**PROVIDED RECORDS:**

■ ■ ■

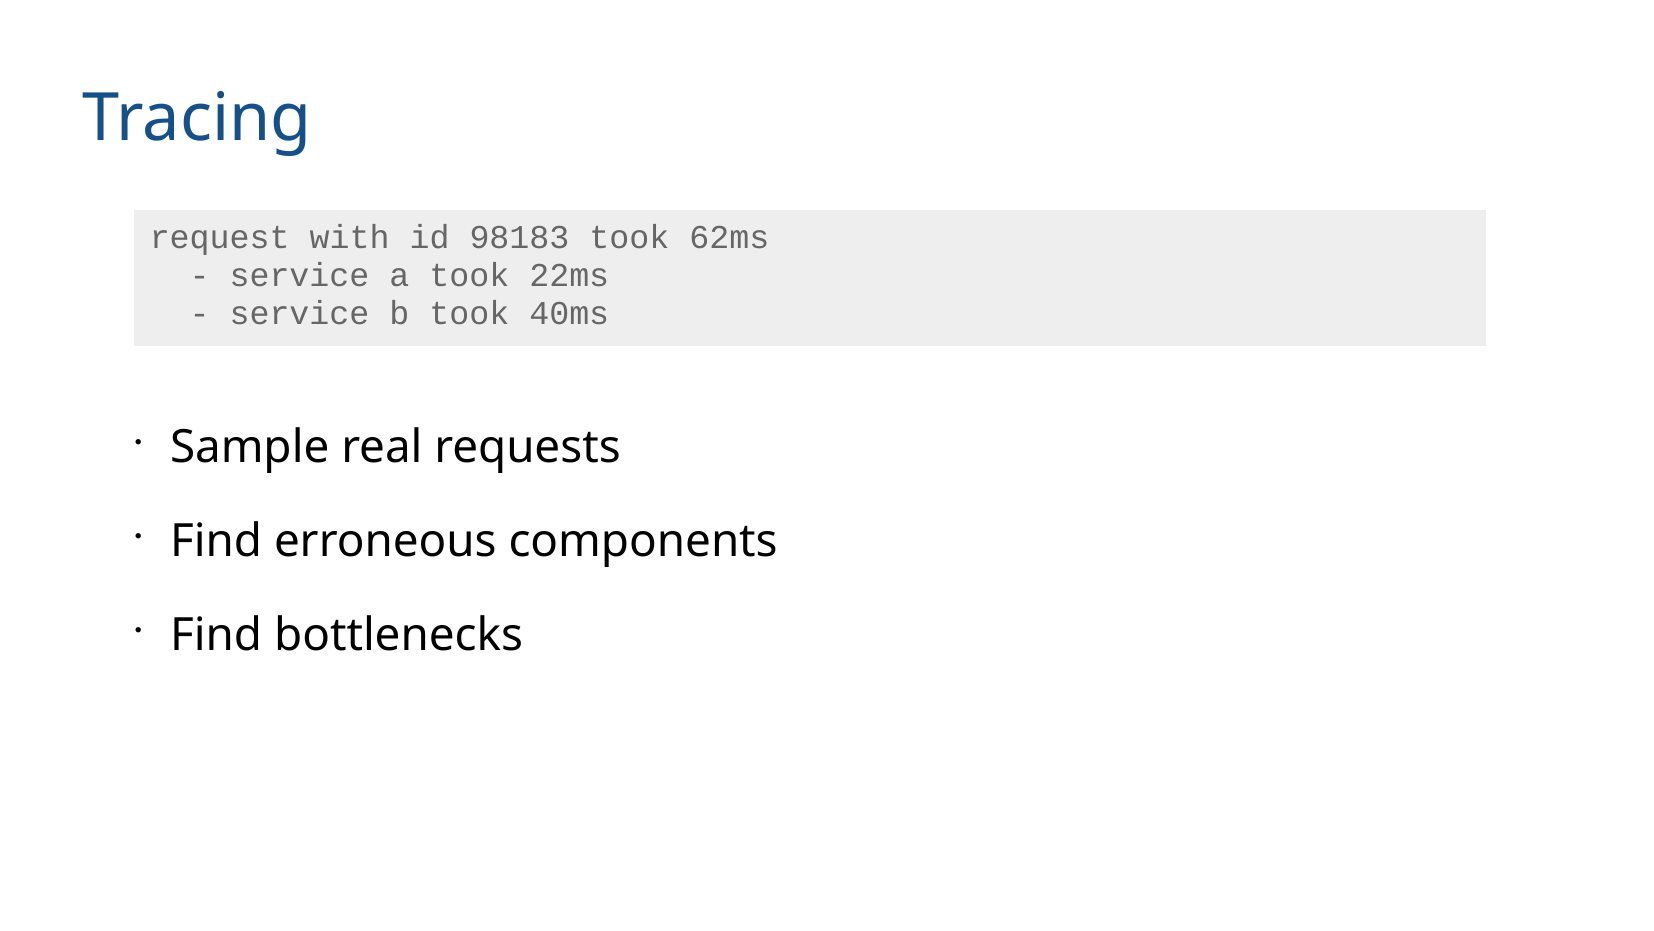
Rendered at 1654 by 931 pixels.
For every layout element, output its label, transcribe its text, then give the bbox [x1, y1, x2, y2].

text_box request with id 98183 took 62ms - service a took 22ms - service b took 40ms [134, 210, 1486, 346]
title Tracing [82, 36, 1571, 193]
text_box Sample real requests Find erroneous components Find bottlenecks [120, 375, 1516, 871]

■ ■ ■

**WORK INSTRUCTION:**
The listing above is to be retyped exactly, with all pictures left out.

**RESPONSE FOR THIS EXERCISE:**
Rendered at 1654 by 931 pixels.
For every layout element, output its label, transcribe its text, then give the bbox [x1, y1, x2, y2].

text_box request with id 98183 took 62ms - service a took 22ms - service b took 40ms [134, 210, 1486, 346]
title Tracing [82, 36, 1571, 193]
text_box Sample real requests Find erroneous components Find bottlenecks [120, 375, 1516, 871]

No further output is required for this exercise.